Disclosed in the present application is a multimedia data processing method. The method comprises: on the basis of a label to be deleted, determining multimedia data to be processed, wherein a label of said multimedia data comprises the label to be deleted; identifying the content of said multimedia data, and determining a fragment to be deleted from said multimedia data, wherein the content of said fragment comprises an object corresponding to the label to be deleted; and clipping said fragment from said multimedia data, so as to obtain target multimedia data. Further disclosed in the present application are a multimedia data processing apparatus, a device, and a storage medium.

Description

多媒体数据处理方法及装置、设备、存储介质Multimedia data processing method and device, device, storage medium
相关申请的交叉引用Cross References to Related Applications
本申请基于申请号为202110569790.5、申请日为2021年5月25日的中国专利申请提出,并要求该中国专利申请的优先权,该中国专利申请的全部内容在此以引入方式并入本申请。This application is based on a Chinese patent application with application number 202110569790.5 and a filing date of May 25, 2021, and claims the priority of this Chinese patent application. The entire content of this Chinese patent application is hereby incorporated into this application by reference.
技术领域technical field
本申请涉及计算机技术领域,涉及但不限于一种多媒体数据处理方法及装置、设备、存储介质。
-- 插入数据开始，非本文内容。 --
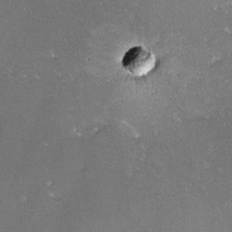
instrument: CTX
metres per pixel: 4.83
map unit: lHvf
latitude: -12.1606
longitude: -102.2522

The present application relates to the field of computer technology, and relates to but not limited to a multimedia data processing method, device, equipment, and storage medium.
背景技术Background technique
直播业务高速发展的今天,打造内容安全平台,减少负面影响是直播业务发展的基本条件。Today, with the rapid development of live broadcast business, building a content security platform and reducing negative impact are the basic conditions for the development of live broadcast business.
目前,处理有内容安全问题的历史直播视频处理方案是人工手动操作,在商家登记的直播信息中,查询到有需要下架的商品出现的直播视频资源,需要删除掉整个直播视频资源。At present, the historical live video processing solution with content security issues is manually operated. In the live broadcast information registered by the merchant, if a live video resource with a product that needs to be removed from the shelf is found, the entire live video resource needs to be deleted.
但是上述处理方案存在这样的技术问题:消费者会偶尔翻看直播的历史视频资源,核对当时的订单详情,比如赠品数量是否与直播时一致等情况,直接下掉整场直播资源,会将消费者想翻看的视频内容一起删除,从而造成不必要的视频内容的删除。。However, there is such a technical problem in the above solution: consumers will occasionally look through the historical video resources of the live broadcast, check the order details at that time, such as whether the number of gifts is consistent with the live broadcast, and directly download the entire live broadcast resources, which will consume The video content that the reader wants to browse is deleted together, thereby causing unnecessary deletion of video content. .
发明内容Contents of the invention
本申请为解决相关技术中存在的至少一个问题而提供一种多媒体数据处理方法及装置、设备、存储介质,能够贴合用户的实际需求,自动将多媒体数据中需要删除的多媒体数据片段删除。In order to solve at least one problem in the related art, this application provides a multimedia data processing method, device, equipment, and storage medium, which can meet the actual needs of users and automatically delete multimedia data segments that need to be deleted in multimedia data.
本申请的技术方案是这样实现的:The technical scheme of the present application is realized like this:
第一方面,本申请实施例提供一种多媒体数据处理方法,所述方法包括:In a first aspect, an embodiment of the present application provides a multimedia data processing method, the method comprising:
基于待删除标签,确定待处理多媒体数据;所述待处理多媒体数据的标签包括所述待删除标签;Determine the multimedia data to be processed based on the label to be deleted; the label of the multimedia data to be processed includes the label to be deleted;
对所述待处理多媒体数据的内容进行识别,确定所述待处理多媒体数据中的待删除片段,所述待删除片段的内容包括所述待删除标签对应的对象;Identifying the content of the multimedia data to be processed, and determining the segment to be deleted in the multimedia data to be processed, the content of the segment to be deleted includes the object corresponding to the label to be deleted;
将所述待删除片段,从所述待处理多媒体数据中裁剪掉,得到目标多媒体数据。Cutting out the segment to be deleted from the multimedia data to be processed to obtain target multimedia data.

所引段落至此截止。